If you fancy yourself a law enforcement computer forensics examiner, then you might want to sign up for this year’s Defense Department DC3 Challenge. There is no prize purse for winning, other than bragging rights and free passes to various computer security conferences, but it represents a unique public hacking challenge that has been going on for several years now. You have between now and the end of October to get your submission ready, and it will take a significant amount of effort to prepare your entry, just so you know.
DoD’s Cyber Crime Center (DC3, get it) usually gets several hundred teams competing from the national research labs around the country along with several university and privately-sponsored teams from around the world as well. Last year teams from more than 50 countries participated, and there are even were a couple of high school teams too. Each contest begins in late December, and there are bonus points awarded for early entries (you get an additional five percent added to your score if you file your entry before October 1, for example). The center is based outside of Washington, DC and has about 400 employees who work with a variety of military branches and other organizations to investigate various criminal activities that require digital evidence collection and understanding the sequence of events on online sites, hacking into government computing networks and other things.

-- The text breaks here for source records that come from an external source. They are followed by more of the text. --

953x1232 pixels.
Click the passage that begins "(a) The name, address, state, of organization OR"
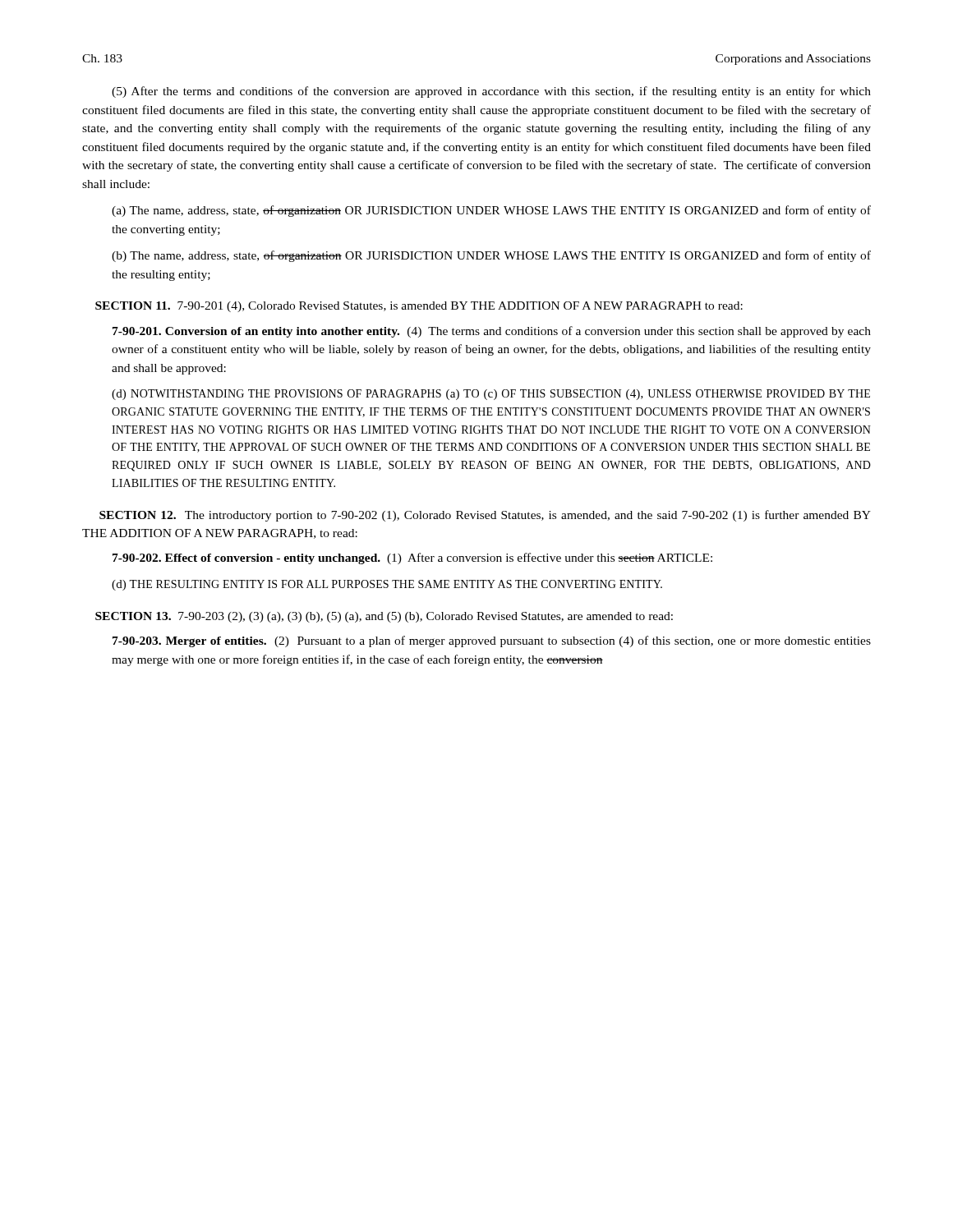pyautogui.click(x=491, y=219)
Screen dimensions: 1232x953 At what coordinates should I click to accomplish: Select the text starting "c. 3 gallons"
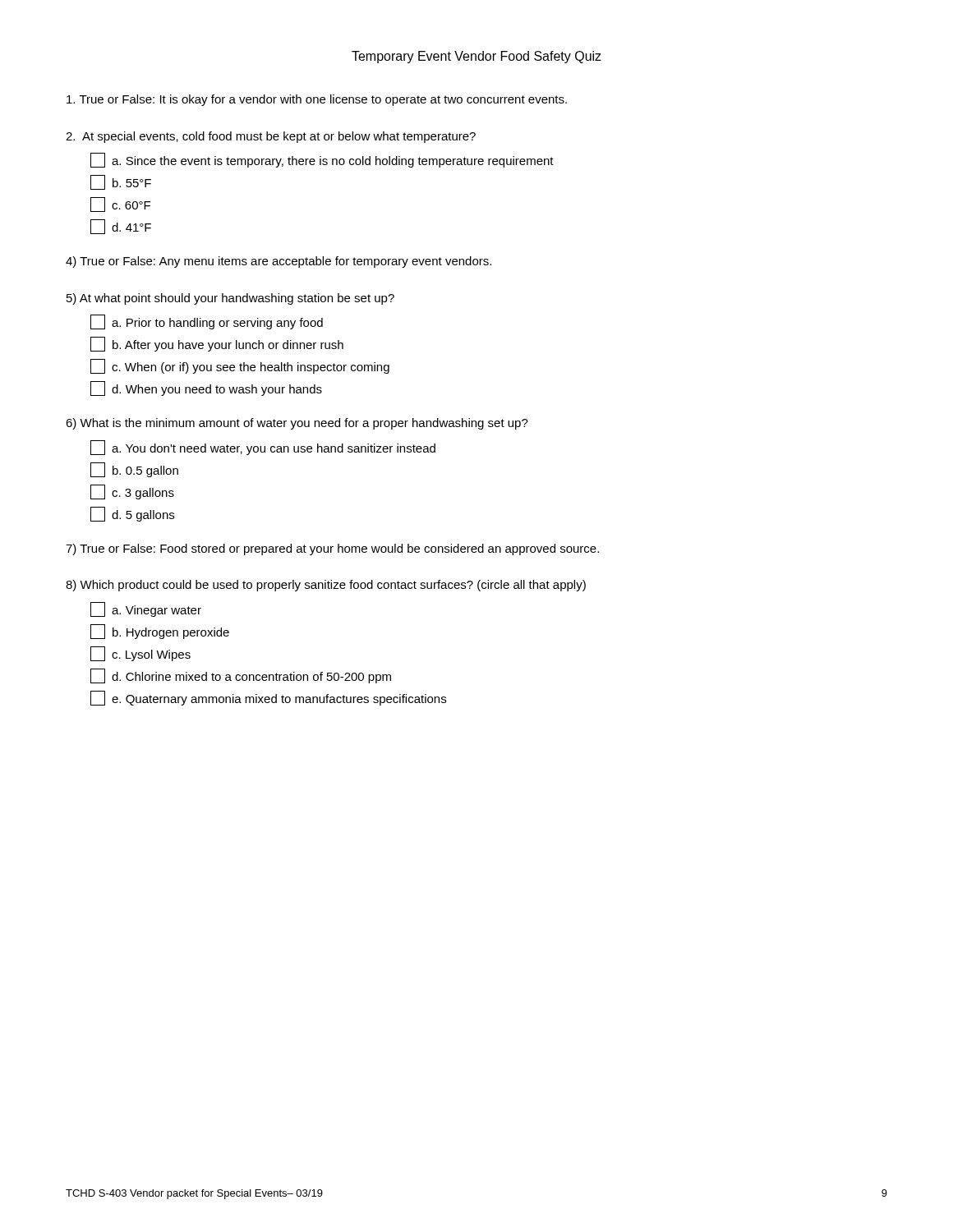(x=132, y=492)
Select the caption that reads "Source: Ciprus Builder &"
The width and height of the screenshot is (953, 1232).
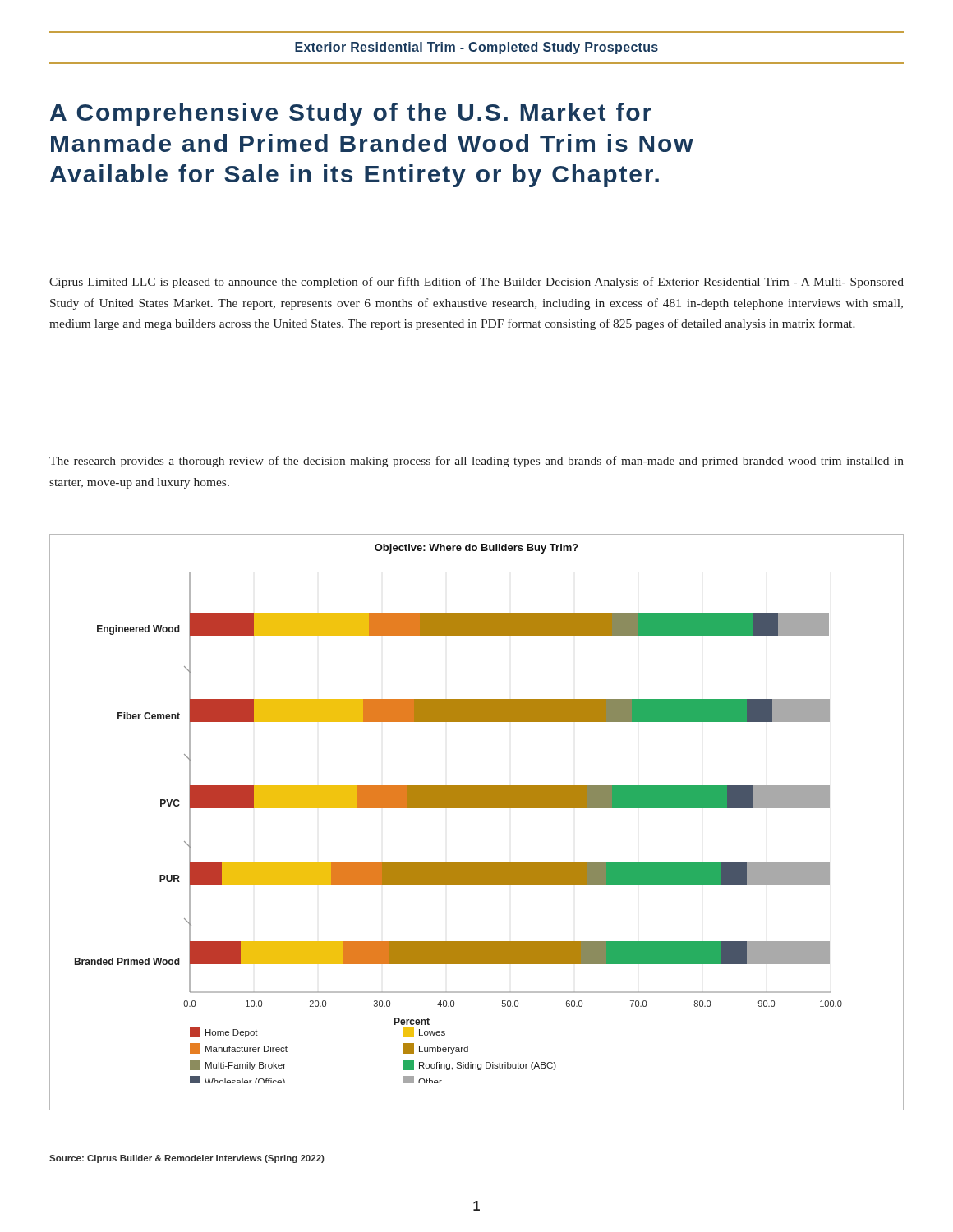(187, 1158)

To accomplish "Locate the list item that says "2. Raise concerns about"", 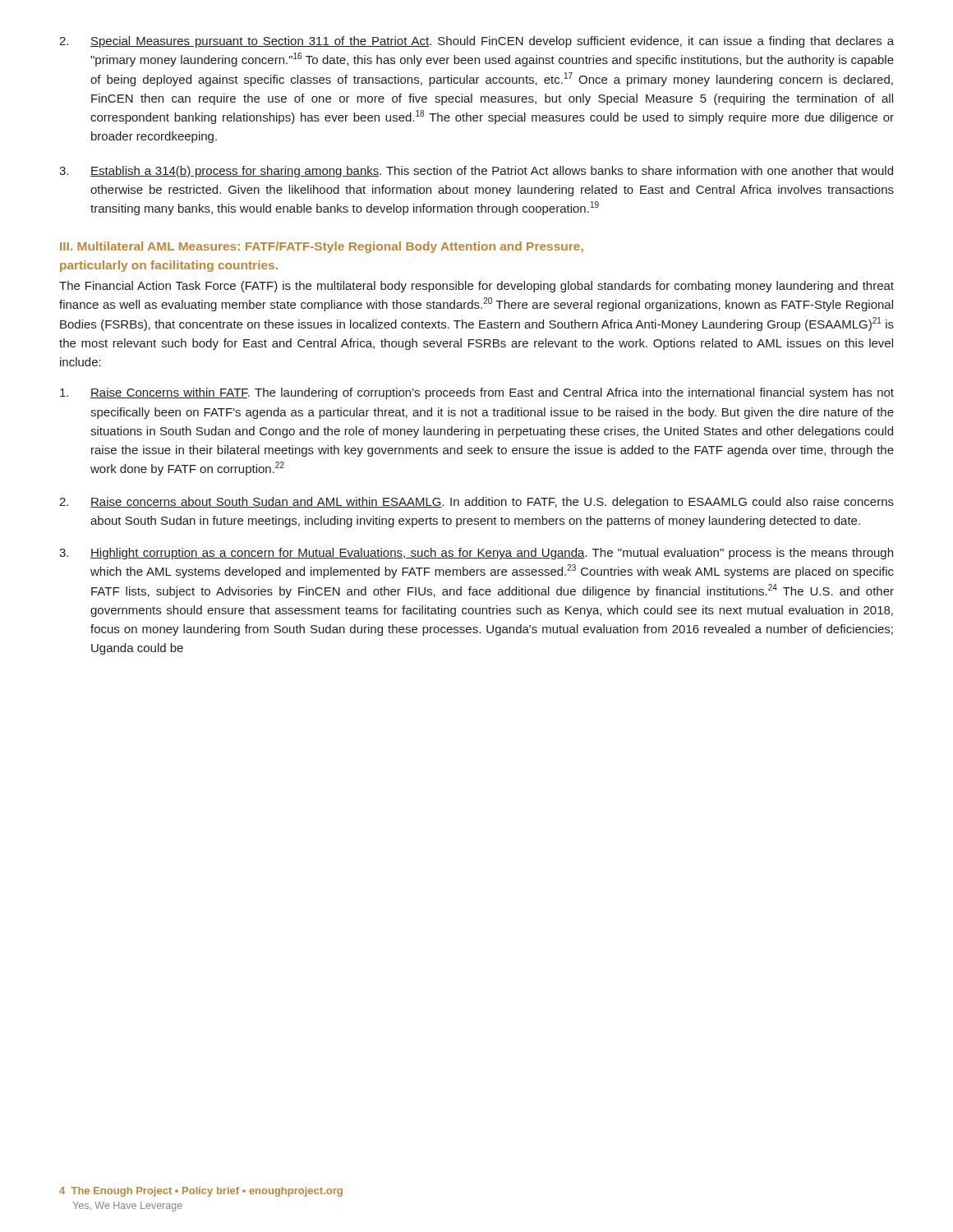I will point(476,511).
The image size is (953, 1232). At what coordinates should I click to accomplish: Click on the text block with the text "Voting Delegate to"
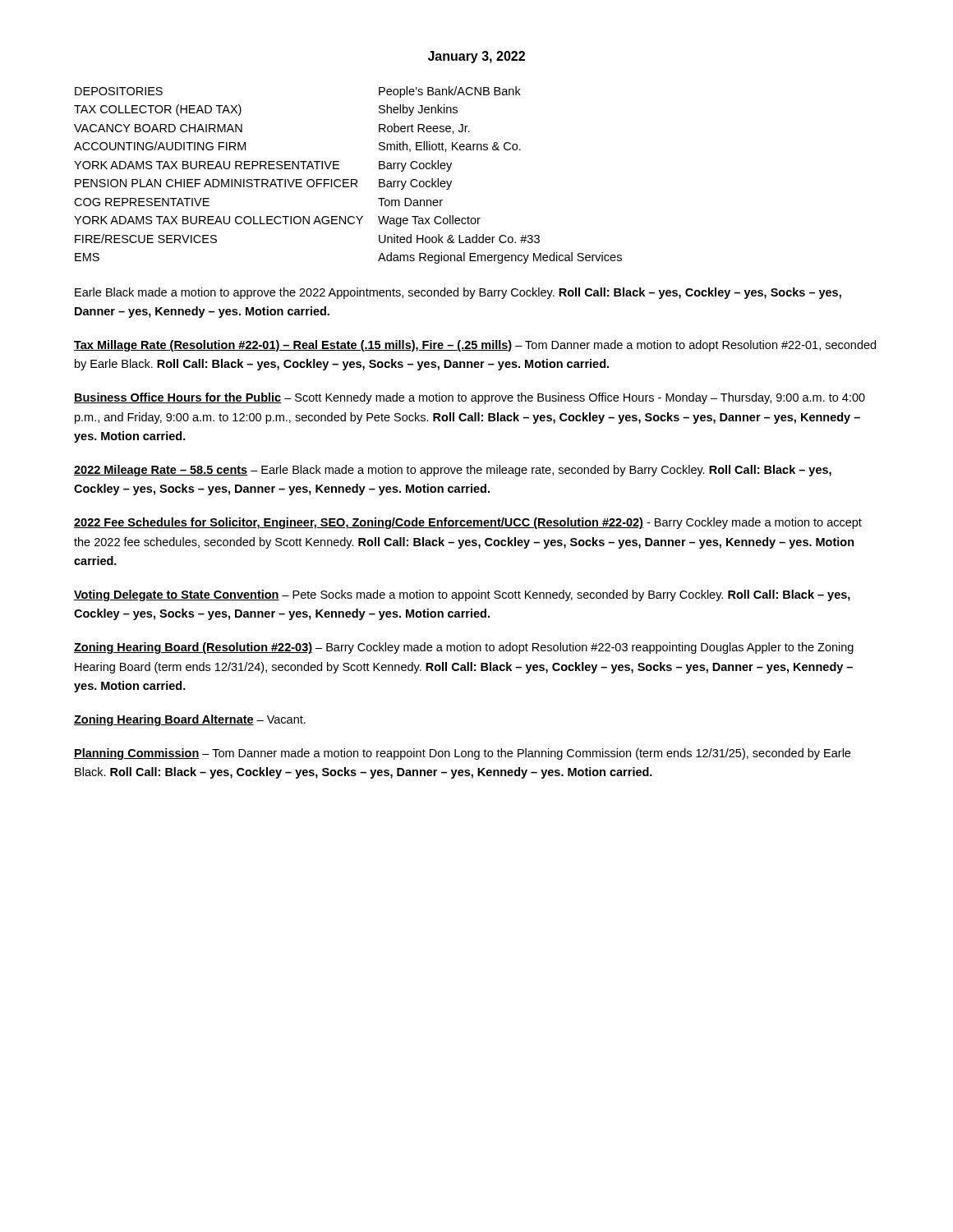pyautogui.click(x=462, y=604)
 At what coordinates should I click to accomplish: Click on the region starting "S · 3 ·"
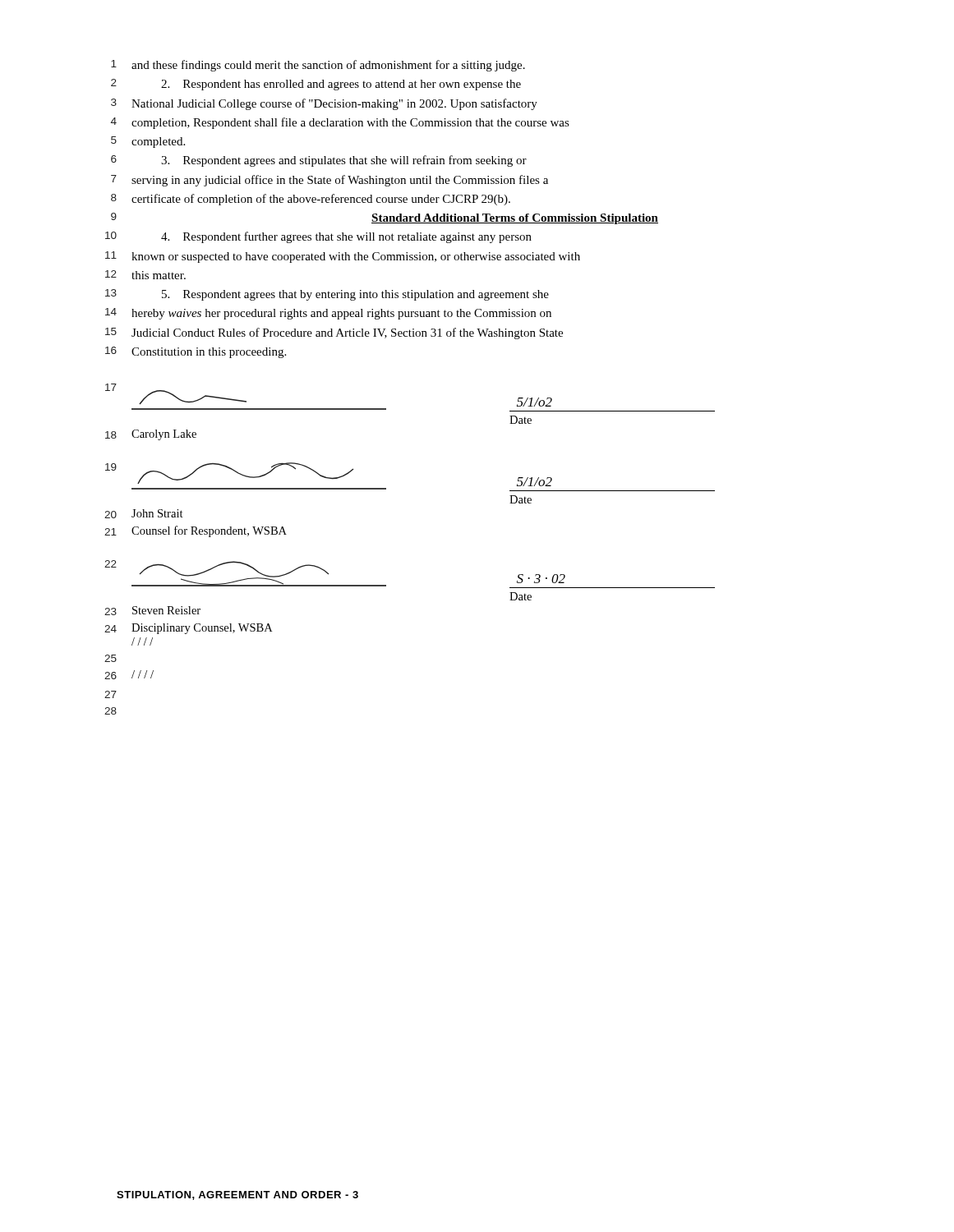click(x=539, y=578)
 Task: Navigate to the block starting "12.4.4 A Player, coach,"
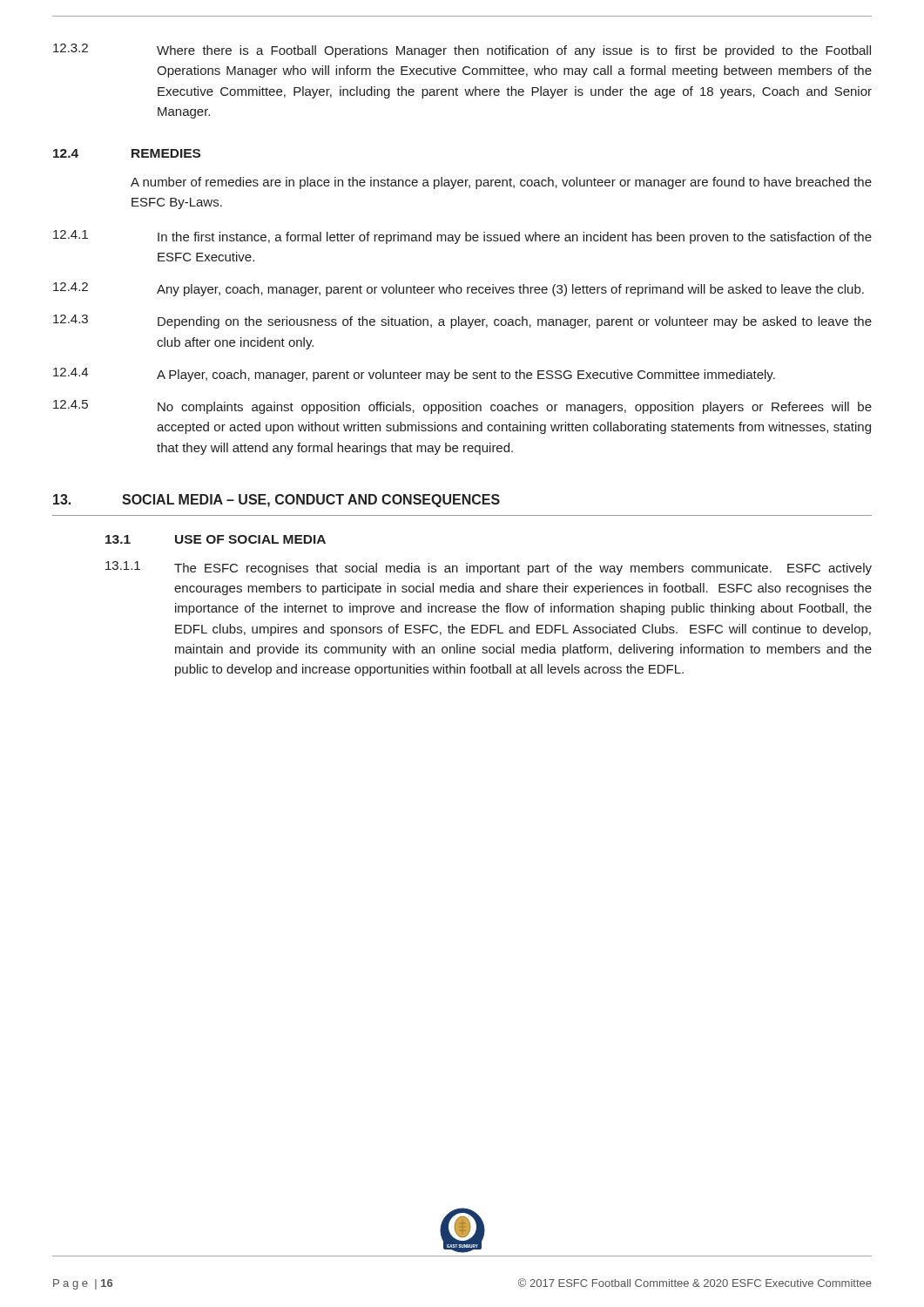click(x=462, y=374)

The contest uses some of the same scenarios that digital forensics examiners experience in their daily jobs, such as analyzing the Windows registry, examining files to see if they have been tampered with, surveillance with Wifi hot spots, digging into encrypted hard drives and examining VMware memory dumps. As you go through each of the exercises, you are asked to show your work and develop tools that you can then use on more complex assignments. The whole challenge would make for a great college course on the subject, and indeed that is exactly what some colleges have done in their computer science departments. (Last year’s winning grad school entry came from a four-person team from the University of Texas San Antonio business college, for example.)
Last year’s grand champion was a South Korean team, and the best commercial team was a forensics consulting company based in Montana.